When you are starting your first business, you probably experience high levels of excitement, hopefulness and drive. You may want to hit the ground running to reap the rewards of success right away.
Such anticipation is normal and can help you get through challenging times. However, if you rush through things, you can end up making mistakes that will be difficult and costly to undo.
One of these can be choosing the wrong structure for your business. The entity you select will have a significant impact on the way you run your company, the taxes you pay and the amount of liability you face. Become familiar with the different types and then speak to an attorney and an accountant for professional advice on which structure would be best for your business.
- Sole proprietorship is the simplest business formation and can be a good starting point before diving into more complex structures. It gives you complete control but has a high risk of liability because your personal and business assets are not separate.
- Partnerships are similar to the above except involve two or more people. You can have a limited partnership that gives one person all the control and liability and the others limited control and liability, or you can have a limited liability partnership that protects everyone.
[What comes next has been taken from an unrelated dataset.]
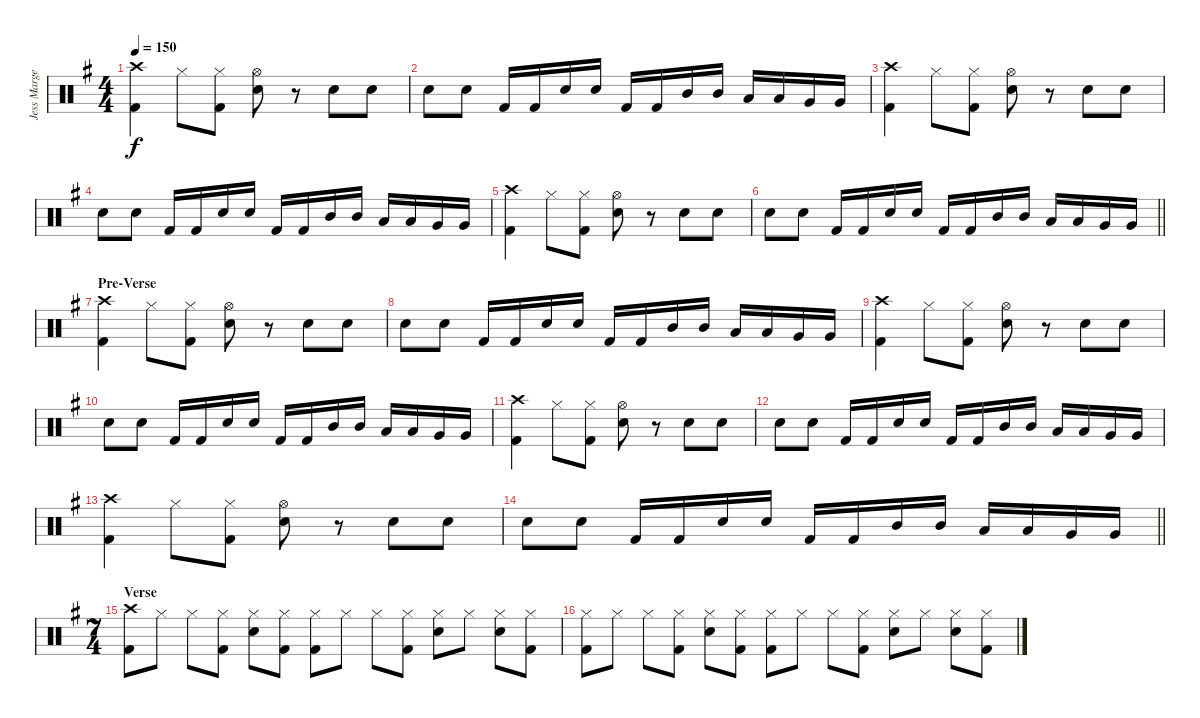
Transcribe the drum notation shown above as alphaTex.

- Corporation covers several options. A C corp makes your business a completely separate entity, requires double taxation on profits and can involve stockholders. An S corp limits tax consequences but also the number of shareholders. Others in this category are B corp, close corporation and nonprofits.
- LLC, or limited liability company, combines the benefits of partnership and corporation. It allows business assets to be separate to reduce liability and has lower tax rates. However, it falls under self-employment and may require reforming when ownership changes.
Each one has its own advantages and disadvantages, so which one is right ultimately depends on the purpose of your business and on your long-term goals.